The Site
Thanks for the all the comments, well-wishes, and shares you've thrown my way over the last week here. Greatly appreciated! I've got a couple of more current things coming this week but we are, after all, a little busy right now with little Cooper. I've got a handful of pieces that I have written over the years that fall into the "Life, Work, and Faith" category you see at the top of the page and I'm going to be throwing them up sporadically over the next few weeks when I see fit. This one was written three or four years ago (edited only slightly) and I think it speaks volumes about what kid's ministry is all about. Sometimes I like to think I’ve come pretty far in my professional life. I’ve managed to meander between a few crappy jobs in order to end up where I’m at and I feel pretty blessed to be here. At 26 I’m in what is pretty much my dream job (with the exception of playing professional basketball). And heck, this time last year I was teaching gymnastics to 3 year olds in the morning and babysitting 6th graders in the afternoon. Ugh.
Still there are days where I feel perhaps I’m not quite as far along as I might have thought.
Today my services, along with the rest of those of the rest of the Children’s Ministry team, were called upon to help clean out a storage unit. Now by “clean out” I mean “throw away everything you can find” and by “storage unit” I mean “place where everything that has ever been discarded in the history of The Hills Church of Christ has been sent to die.” You know when you move and you have some trouble deciding what to keep and what to throw away and you wonder why you have some of this stuff in the first place? That’s what this was like, only it was 100 BILLION times worse and it was someone else’s stuff.
By the time I got to The Site the rest of my team had already pulled out a massive amount of junk that could not have ever served a legitimate purpose and was loading trucks. When we realized we couldn’t use The Site’s dumpster we then got to unload the stuff that had just been loaded in order to load it more properly so that it could withstand a trip on the highway. Calls were made to determine where exactly we might be able to take all of this wonderful garbage that had seemed so important to keep. Meanwhile some of us tried to determine how best to proceed. My idea to leave, stop payment on The Site, and when the storage people threatened to throw away our stuff if we didn’t pay, laugh and tell them “go for it” was considered but ultimately turned down.
More calls were made. We discussed the possibility of there NOT being at least one snake hidden somewhere in the pile of rubble and decided that it was between zero and one percent. (I would lean more toward the zero.) Finally, after repacking the trucks yet again, a solution was found.
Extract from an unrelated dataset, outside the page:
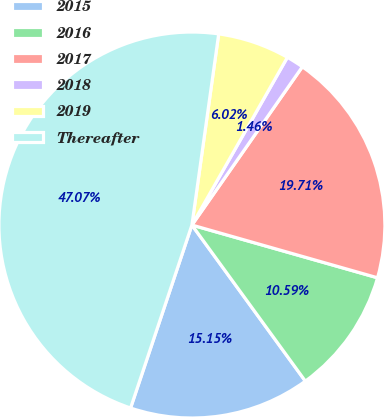Convert chart. <chart><loc_0><loc_0><loc_500><loc_500><pie_chart><fcel>2015<fcel>2016<fcel>2017<fcel>2018<fcel>2019<fcel>Thereafter<nl><fcel>15.15%<fcel>10.59%<fcel>19.71%<fcel>1.46%<fcel>6.02%<fcel>47.07%<nl></chart> 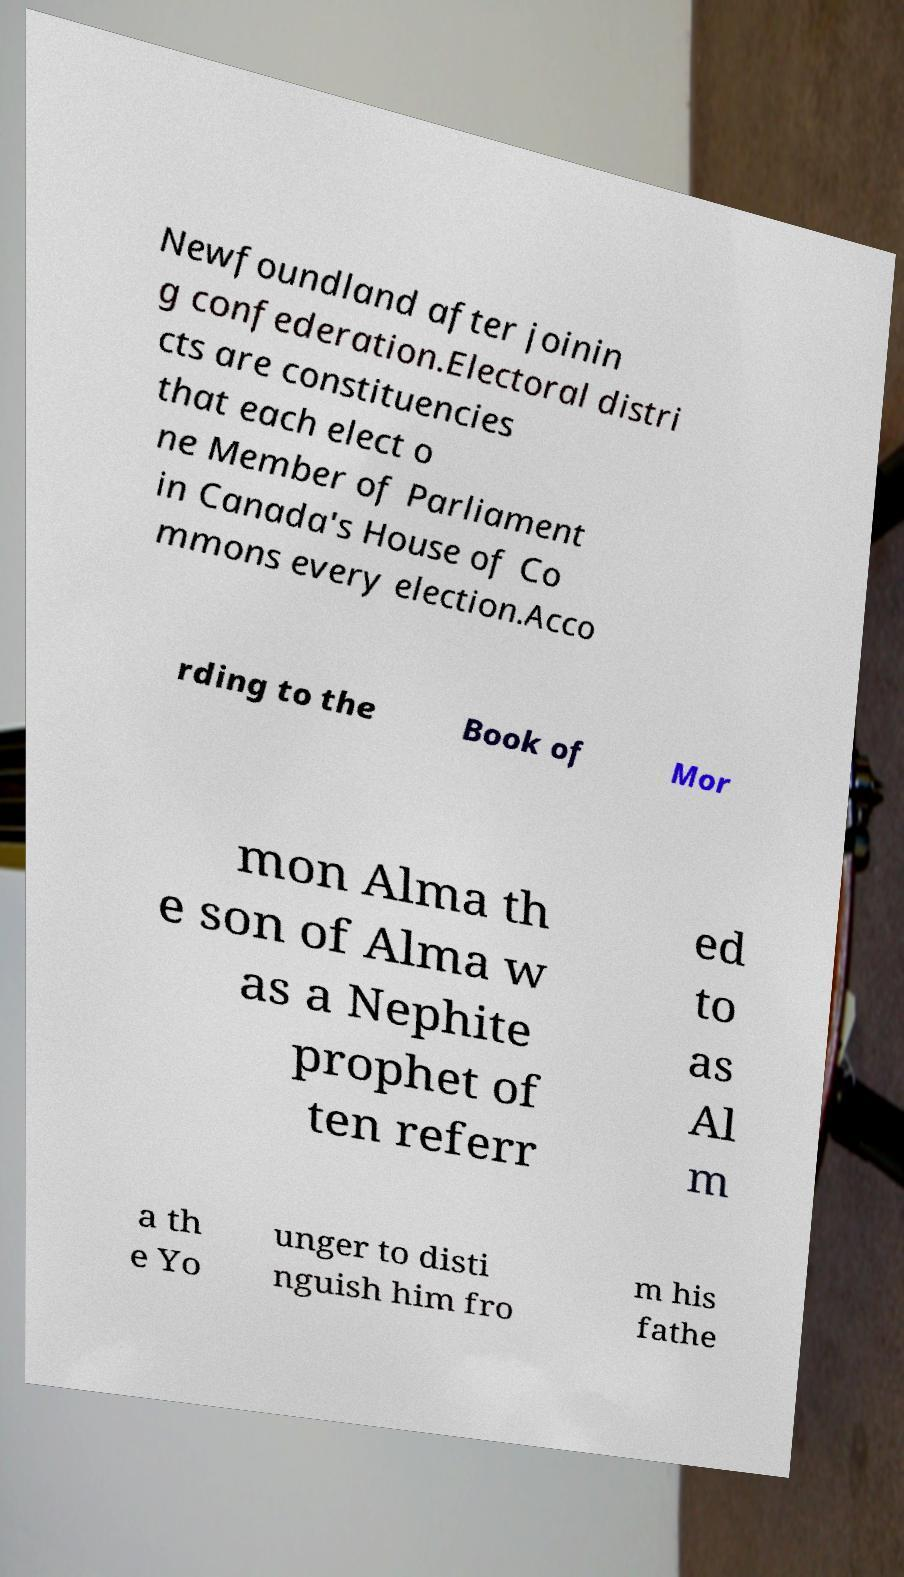Please read and relay the text visible in this image. What does it say? Newfoundland after joinin g confederation.Electoral distri cts are constituencies that each elect o ne Member of Parliament in Canada's House of Co mmons every election.Acco rding to the Book of Mor mon Alma th e son of Alma w as a Nephite prophet of ten referr ed to as Al m a th e Yo unger to disti nguish him fro m his fathe

We could take our wonderful collection of Styrofoam structures, broken tables, and enough PVC pipe to stock a Home Depot to a dump that straddled the North Richland Hills/Arlington border. (If the word “dump” brought to mind the commercials for discount furniture store The Dump, as in “the dump-to-the-dump-dump-dump,” you are not alone my friend.)
Three trucks were dispatched to this landfill and I managed to squeeze myself into the group chosen to go. Frankly I didn’t want to be at The Site when the body of a long lost elder was inevitably discovered. We made our way to the dump which is a world unto itself, nestled away between cow pastures and topless night clubs. We pulled into a lifeless dead zone and paid our seven dollars per truck to begin our drop off. Who know you had to pay to bring trash to the trash people. Weird, I know. A sign on the side of the check in station read, “If you come into the dump by 4:30 you will be allowed to enter as long as you finish by 5:00 pm.” What happens if you need to stay until 5:01 is anyone’s guess. Perhaps you’re locked in for the night, perhaps you’re required to put in some time washing dishes at the topless bar, I’m not really sure.
We were (rudely) directed to a couple of dumpsters and told, in no uncertain terms, that metal was not to be unloaded in these dumpsters. My first thought was, why not? My second thought was what happens when I throw metal away at home? It all ends up here doesn’t it? How exactly do they sort this stuff? My third thought was, why are you asking questions? Just dump this stuff and get the heck out of here before you get locked in the dump for the night. I took whatever metal we had in the bed of the trucks over to the designated “Metal” pile. This area clearly resembled the trash compactor on the Death Star minus the blaster proof walls and since Chewbacca wasn’t there to protect me, I quickly threw my stuff in and retreated before the snake pulled me under.
We all jumped back in our trucks and headed out with only a slight detour taking us squarely into the middle of the landfill. A truly wonderful suburban sight, I must tell you. It was on our way back to The Site (and the all too certain camera crews we would all face after the discovery of the Sasquatch locked away inside) that the craziness of this day hit me. It was a pretty solid bet a few years back that my career would someday involve working at a dump but I had thought that those days were probably behind me. After all the crazy jobs I’ve had over the years, who would have thought that it would be this one, the ministry job of all things, that would have me spending my day at the dump? Perhaps I’m not quite so far along as I thought I was. Or perhaps that was just the truth about ministry coming to light.